Adaptive functioning is not limited to legal or moral decisions, nor is it determined by successful outcomes flowing from judgment and choice. Well-educated, highly skilled, intellectually gifted people with many years of specialized experience make mistakes that, in retrospect, seem inexplicably criminal, amoral, or otherwise ill conceived. They err in setting priorities and in assessing the likelihood of outcomes on Wall Street, in real estate, in relationships, and in betting on the “next big thing.” By the same token, defendants' folly and failed forecasts are not presumptive evidence of substantial deficits in adaptive functioning. Gullibility is not the exclusive province of persons with ID. Innumerable ordinary adults routinely fall victim to scams of all types. Being a follower rather than a leader is not indicative of ID per se; among ordinary adults, there are far more of the former than the latter.

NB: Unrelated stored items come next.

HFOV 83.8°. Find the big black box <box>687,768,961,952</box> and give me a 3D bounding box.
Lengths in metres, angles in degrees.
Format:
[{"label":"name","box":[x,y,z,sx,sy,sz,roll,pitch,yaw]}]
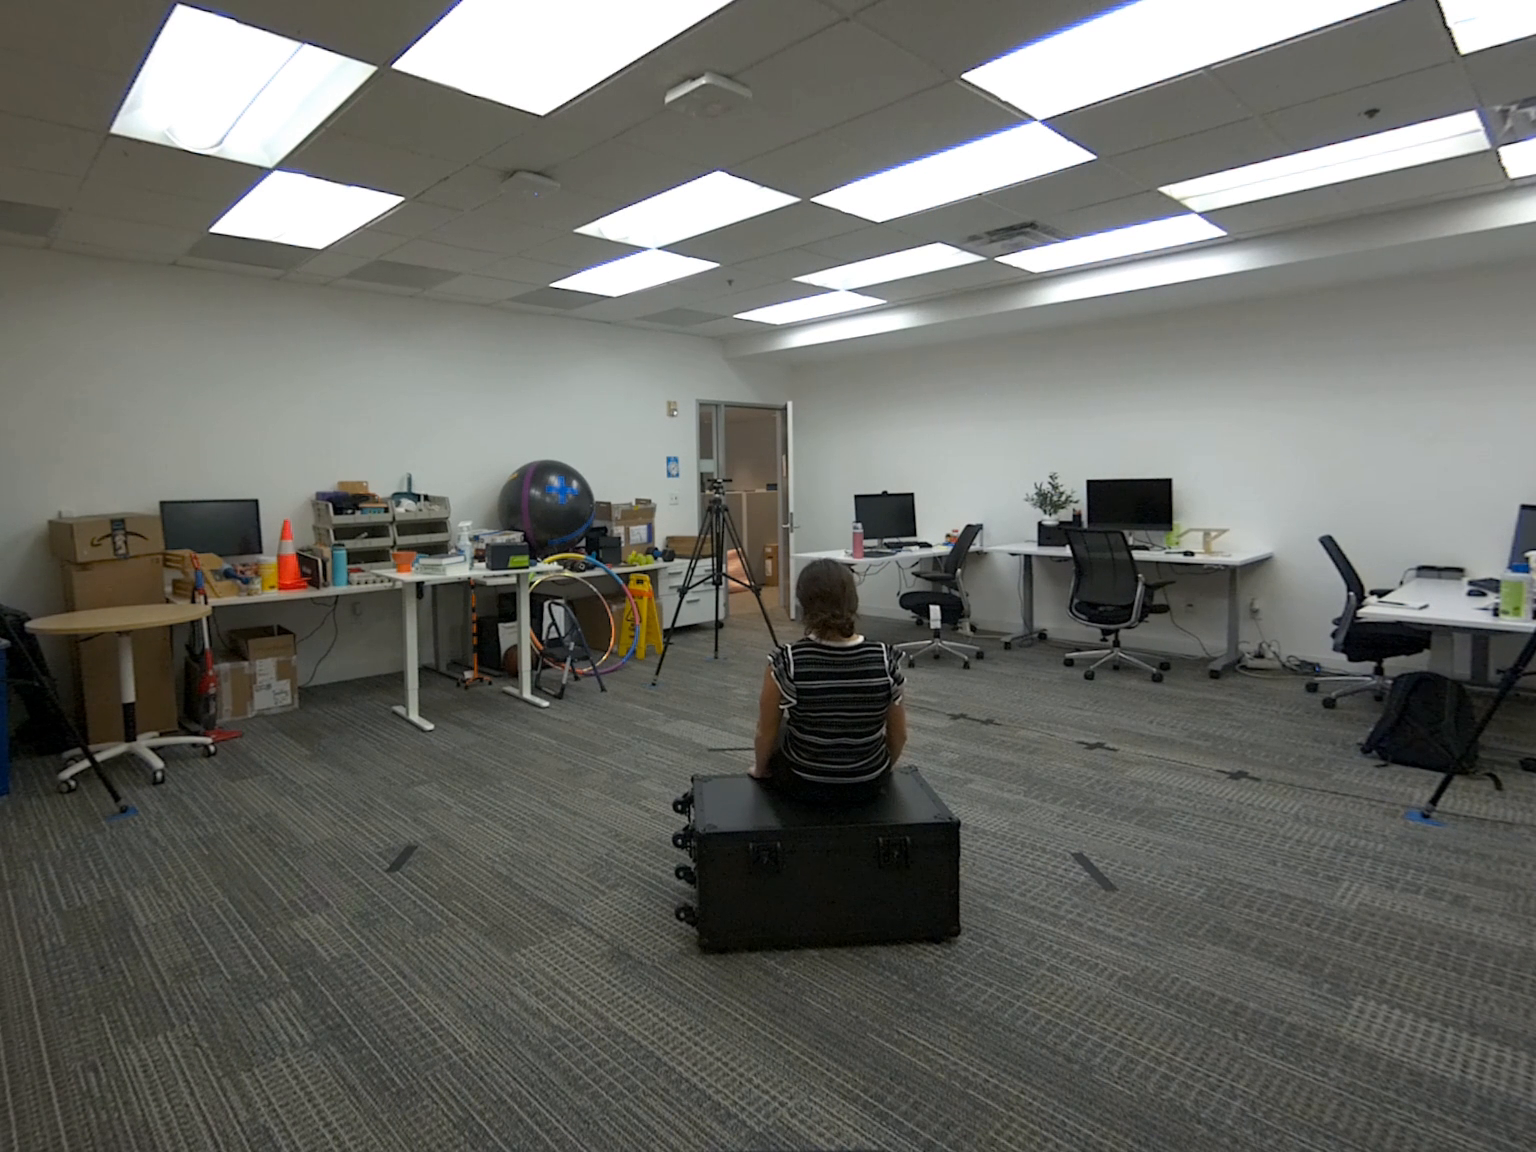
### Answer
[{"label":"big black box","box":[0.124,0.887,2.753,0.857,0.394,0.526,-1,5,-5]}]

Performance as Direct Evidence: Case Example

Whereas Hall asserts that IQ scores of defendants who have received the DP should not bar their opportunity to introduce evidence concerning adaptive functioning, the appellate case of Walker v. Kelly35 stood for the inverse proposition: that evidence of adaptive functioning can be sufficiently compelling to sideline the technical debates over IQ scores. Mr. Walker sought a DP exemption after Atkins. He offered evidence intended to show significant limitations in practical adaptive capacities exemplified by incapacity to perform the basic tasks incidental to an independent life (e.g., renting an apartment, managing money, and paying bills), seeming inability to obtain a driver's license, dependence on others for transportation, never taking a public bus, incapacity to grasp simple directions, and inability to maintain steady employment and self-support.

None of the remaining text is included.